Scan the records beneath this line for the line holding "4) sneaker <box>398,146,536,232</box>" and the line holding "11) sneaker <box>282,0,372,53</box>", then transcribe exactly those two and all lines between.

■ **Given data**:
★ ★ ★ ★ ★
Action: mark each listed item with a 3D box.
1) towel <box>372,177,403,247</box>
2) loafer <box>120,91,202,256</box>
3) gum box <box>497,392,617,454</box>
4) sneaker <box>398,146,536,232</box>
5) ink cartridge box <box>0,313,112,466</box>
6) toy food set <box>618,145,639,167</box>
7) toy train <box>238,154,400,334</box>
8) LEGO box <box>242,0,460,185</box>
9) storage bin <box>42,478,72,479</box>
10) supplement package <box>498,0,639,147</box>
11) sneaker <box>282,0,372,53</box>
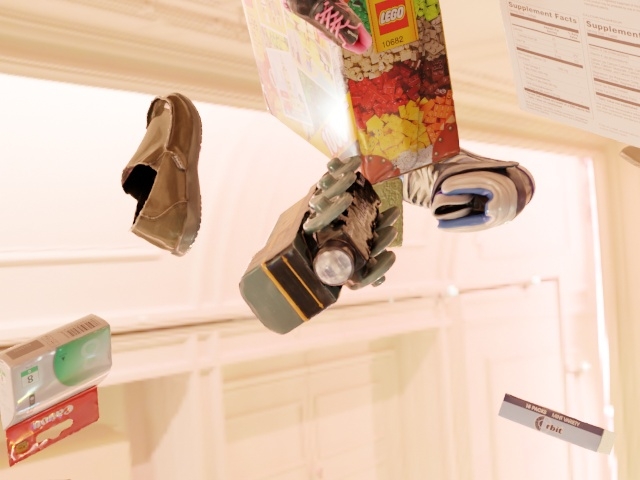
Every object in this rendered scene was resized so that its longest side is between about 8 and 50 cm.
[{"bbox_3d":[0.106,-0.054,1.986,0.027,0.110,0.148,-130,34,-76],"label":"towel"},{"bbox_3d":[-0.202,-0.096,1.316,0.087,0.094,0.251,12,-134,-26],"label":"loafer"},{"bbox_3d":[0.375,0.290,1.640,0.041,0.157,0.184,-69,-24,-5],"label":"gum box"},{"bbox_3d":[0.214,-0.097,1.899,0.236,0.323,0.130,-25,-59,-58],"label":"sneaker"},{"bbox_3d":[-0.416,0.246,1.655,0.181,0.056,0.224,-25,-51,-39],"label":"ink cartridge box"},{"bbox_3d":[0.530,-0.221,1.308,0.220,0.306,0.092,-18,-118,-29],"label":"toy food set"},{"bbox_3d":[0.000,0.000,1.436,0.142,0.190,0.334,53,-163,-13],"label":"toy train"},{"bbox_3d":[0.033,-0.363,1.894,0.193,0.500,0.372,-20,-63,-15],"label":"LEGO box"},{"bbox_3d":[-0.482,0.525,1.668,0.262,0.123,0.260,29,-136,-68],"label":"storage bin"},{"bbox_3d":[0.287,-0.248,0.907,0.199,0.198,0.262,-41,-47,-23],"label":"supplement package"},{"bbox_3d":[0.011,-0.202,0.944,0.047,0.057,0.119,-49,-28,12],"label":"sneaker"}]
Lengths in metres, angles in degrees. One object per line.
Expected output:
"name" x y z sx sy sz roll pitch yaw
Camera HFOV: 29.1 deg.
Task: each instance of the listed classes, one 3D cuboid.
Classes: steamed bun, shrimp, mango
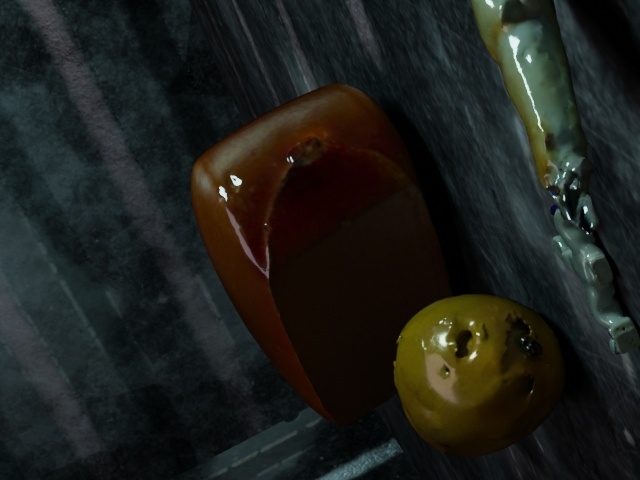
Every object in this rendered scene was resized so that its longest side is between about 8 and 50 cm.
"steamed bun" 0.000 0.000 1.352 0.248 0.235 0.379 50 168 43
"shrimp" 0.080 -0.160 0.620 0.185 0.068 0.287 -80 -23 -64
"mango" 0.137 0.125 1.138 0.156 0.151 0.248 29 169 0

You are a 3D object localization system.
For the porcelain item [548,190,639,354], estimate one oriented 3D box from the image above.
"porcelain item" 0.183 0.014 0.877 0.136 0.021 0.075 65 174 -19
★ ★ ★ ★ ★
■ **Answer for the task**:
4) sneaker <box>398,146,536,232</box>
5) ink cartridge box <box>0,313,112,466</box>
6) toy food set <box>618,145,639,167</box>
7) toy train <box>238,154,400,334</box>
8) LEGO box <box>242,0,460,185</box>
9) storage bin <box>42,478,72,479</box>
10) supplement package <box>498,0,639,147</box>
11) sneaker <box>282,0,372,53</box>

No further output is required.